The finding, published in Nature Genetics, is a very rare case of a cause of disease that only results from changes outside the exome, the region of the genome that codes for genes. It is also the first time that changes have been shown to affect a gene – known as HK1 – that does not normally have a role in the relevant body tissue – in this case, the pancreas.
Until now, scientists have typically sequenced the part of the genome that describes the genetic code of all genes in individuals with a rare disease. They do this looking for variants in the DNA that affects a protein known to have an important role in the disease-relevant organ. A good example is observed in neonatal diabetes, where genetic variants disrupt the function of the pancreatic protein insulin, causing high blood sugar levels.
The team at the University of Exeter’s search for a genetic cause of Congenital Hyperinsulinism took a more complex path. In contrast to diabetes, this condition causes babies to secrete too much insulin from their pancreas. That means babies can be born very large, and suffer from problems associated with low blood sugar. If the condition is not treated appropriately, the brain can be starved of vital fuels, which can cause learning difficulties, or even death.
Until now, scientists have been unable to find the genetic cause of the condition in up to half of babies with Congenital Hyperinsulinism – one reason why treatments are scarce. The limited medications available often fail to work, sometimes meaning the patient has to endure their pancreas being removed. This often fails to cure the disease or in some cases can cause diabetes.
Now, a team led by Dr Sarah Flanagan, at the University of Exeter, has broken new ground – providing answers for families, and unlocking a new way of investigating the causes of many elusive rare diseases.
Dr Flanagan explained: “We’ve really struggled to work out what’s going on in these 50 per cent of babies with no known genetic cause of Congenital Hyperinsulinism. We’ve been looking for defects in genes for years, but it remained frustratingly elusive.”
Using state-of-the-art technology enabled the team to sequence the genomes of 17 individuals with Congenital Hyperinsulinism with an unexplained cause, revealing a revelation – the genetic variants that were causing the disease did not occur within a protein but within a ‘regulatory switch’ which is important for turning on and off a protein in the pancreas.
The impact of the genetic variants was that HK1 was turned on in the pancreas’ of patients with Congenital Hyperinsulinism. The gene, which leads to insulin being produced even when blood sugar levels are low, is usually turned off in the pancreas. But the team found it was active – meaning it was working to lower blood sugar to dangerous levels. Studying a unique collection of pancreatic tissue confirmed this hypothesis.
“It’s incredibly important to be able to provide answers to parents who have been desperate to know the cause of their child’s condition,” said Dr Flanagan. “Now that the HK1 variants have been discovered, routine genome sequencing in sick children would be the perfect method to detect them at clinical diagnosis allowing for improved outcomes.
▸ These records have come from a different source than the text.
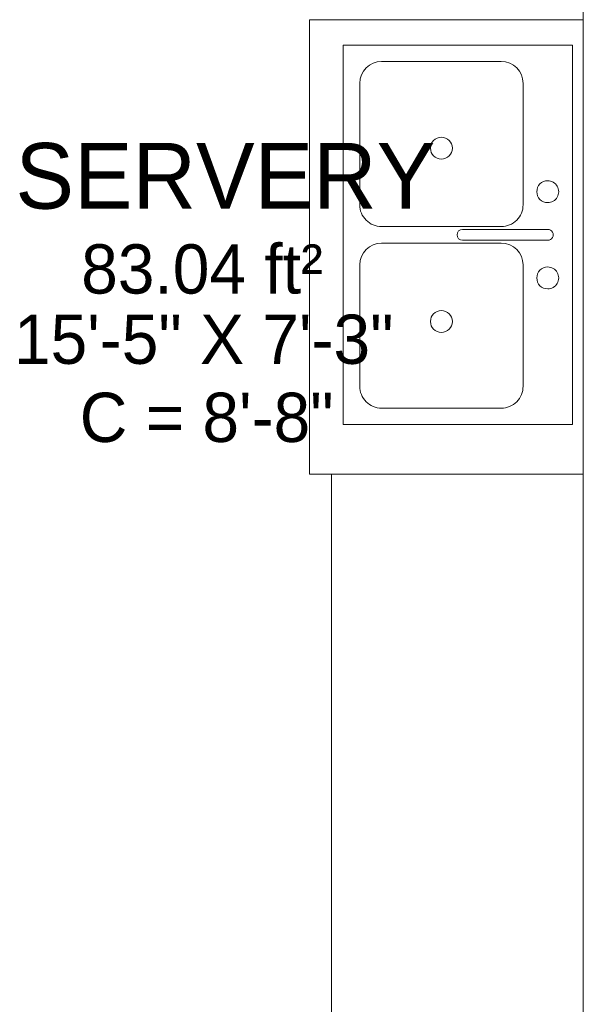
# Model space of a CAD drawing. Header units: inches. Extents: x 282 to 878, y -149 to 1260.
# Tile 6 of 20: x 767 to 818, y 361 to 450. Entities that reach past the tile are written whole.
import ezdxf

# ---------------------------------------------------------------- set-up
doc = ezdxf.new("R2010")
doc.units = ezdxf.units.IN
doc.header["$MEASUREMENT"] = 0
for name, color, linetype, lineweight in [('A-AREA-IDEN', 2, 'Continuous', 9), ('A-GENM', 13, 'Continuous', 9), ('A-OBJECTS', 90, 'Continuous', 9), ('P-SANR-FIXT', 6, 'Continuous', 9)]:
    doc.layers.add(name, color=color, linetype=linetype, lineweight=lineweight)
doc.styles.add('Inter_2', font='txt', dxfattribs={"height": 4.5})
doc.styles.add('Inter_B', font='txt', dxfattribs={"height": 6})

# ---------------------------------------------------------------- blocks, each defined once
blk = doc.blocks.new('2D Kitchen-Double Sink - 1000 x 535mm-4200744-Main Floor')
at = {"layer": 'P-SANR-FIXT'}
for p, q in [((17.949, 10.553), (-16.714, 10.553)), ((-16.714, 10.553), (-16.714, -10.368)), ((17.949, -10.368), (17.949, 10.553)), ((0.118, 8.303), (0.118, 0.521)), ((1.118, 8.303), (1.118, 0.521)), ((-2.132, 6.053), (-13.214, 6.053)), ((14.449, 6.053), (3.368, 6.053)), ((-15.214, 4.053), (-15.214, -6.868)), ((-0.132, 4.053), (-0.132, -6.868)), ((1.368, 4.053), (1.368, -6.868)), ((16.449, -6.868), (16.449, 4.053)), ((-13.214, -8.868), (-2.132, -8.868)), ((3.368, -8.868), (14.449, -8.868)), ((-16.714, -10.368), (17.949, -10.368))]:
    blk.add_line(p, q, dxfattribs=at)
for centre, radius, start, end in [((-3.319, 8.303), 1, 360, 180), ((4.555, 8.303), 1, 360, 180), ((-3.319, 8.303), 1, 180, 0), ((0.618, 8.303), 0.5, 360, 180), ((4.555, 8.303), 1, 180, 360), ((-13.214, 4.053), 2, 90, 180), ((-2.132, 4.053), 2, 360, 90), ((3.368, 4.053), 2, 90, 180), ((14.449, 4.053), 2, 360, 90), ((0.618, 0.521), 0.5, 180, 0), ((-7.298, -1.408), 1, 0, 180), ((8.533, -1.408), 1, 0, 180), ((-7.298, -1.408), 1, 180, 360), ((8.533, -1.408), 1, 180, 360), ((-13.214, -6.868), 2, 180, 270), ((-2.132, -6.868), 2, 270, 0), ((3.368, -6.868), 2, 180, 270), ((14.449, -6.868), 2, 270, 0)]:
    blk.add_arc(centre, radius, start, end, dxfattribs=at)
blk = doc.blocks.new('Countertop- Rectangle shape base - Default 1-4261800-Main Floor')
at = {"layer": 'A-GENM'}
for p, q in [((55.875, 26.5), (4.125, 26.5)), ((4.125, 26.5), (4.125, 3.5)), ((55.875, 3.5), (55.875, 26.5))]:
    blk.add_line(p, q, dxfattribs=at)
blk = doc.blocks.new('Countertop- Rectangle shape base - Default 1-4262188-Main Floor')
at = {"layer": 'A-GENM'}
for p, q in [((9.25, 27.5), (9.25, 2.5)), ((50.75, 2.5), (50.75, 27.5)), ((9.25, 2.5), (50.75, 2.5))]:
    blk.add_line(p, q, dxfattribs=at)

msp = doc.modelspace()

# ---------------------------------------------------------------- linework, layer by layer
at = {"layer": 'A-OBJECTS'}
for p, q in [((818.16, 503.7), (818.16, 409.004)), ((793.16, 450.45), (793.16, 408.95)), ((795.16, 408.95), (793.16, 408.95)), ((795.16, 408.95), (795.16, 356.95)), ((818.16, 356.95), (818.16, 409.004))]:
    msp.add_line(p, q, dxfattribs=at)

# ---------------------------------------------------------------- block references
at = {"layer": 'A-GENM'}
for name, p, rotation in [('Countertop- Rectangle shape base - Default 1-4262188-Main Floor', (790.66, 459.7), 269.9999999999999), ('Countertop- Rectangle shape base - Default 1-4261800-Main Floor', (821.66, 353.075), 90)]:
    msp.add_blockref(name, p, dxfattribs=dict(at, rotation=rotation))
at = {"layer": 'P-SANR-FIXT', "rotation": 269.9999999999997}
msp.add_blockref('2D Kitchen-Double Sink - 1000 x 535mm-4200744-Main Floor', (806.607, 431.422), dxfattribs=at)

# ---------------------------------------------------------------- texts
at = {"layer": 'A-AREA-IDEN', "attachment_point": 1}
for s, insert, char_height, width, style in [('SERVERY', (766.291, 439.189), 6, 45.45, 'Inter_B'), ('83.04 ft²', (772.301, 429.938), 4.5, 30.906, 'Inter_2'), ('15\'-5" X 7\'-3"', (766.159, 423.52), 4.5, 45.753, 'Inter_2'), ('C = 8\'-8"', (772.169, 416.386), 4.5, 31.209, 'Inter_2')]:
    msp.add_mtext(s, dxfattribs=dict(at, insert=insert, char_height=char_height, width=width, style=style))

doc.saveas('drawing.dxf')

These findings also pave the way for improved treatment of this condition with the development of drugs that inhibit HK1, and consequently insulin production, being a real possibility.”
“Even more exciting is the potential for this approach to unlock causes of other genetic conditions. We now know that we need to look across the whole genome to find genetic changes that may affect regulatory switches. We need to specifically turn our attention to the proteins that are turned off in the disease-relevant organ tissue and study how and why they are turned off. That approach could rapidly advance genetics and provide answers, and better treatments.”
The paper is entitled ‘Non-coding variants disrupting a tissue-specific regulatory element in HK1 cause congenital hyperinsulinism’, published in Nature Genetics.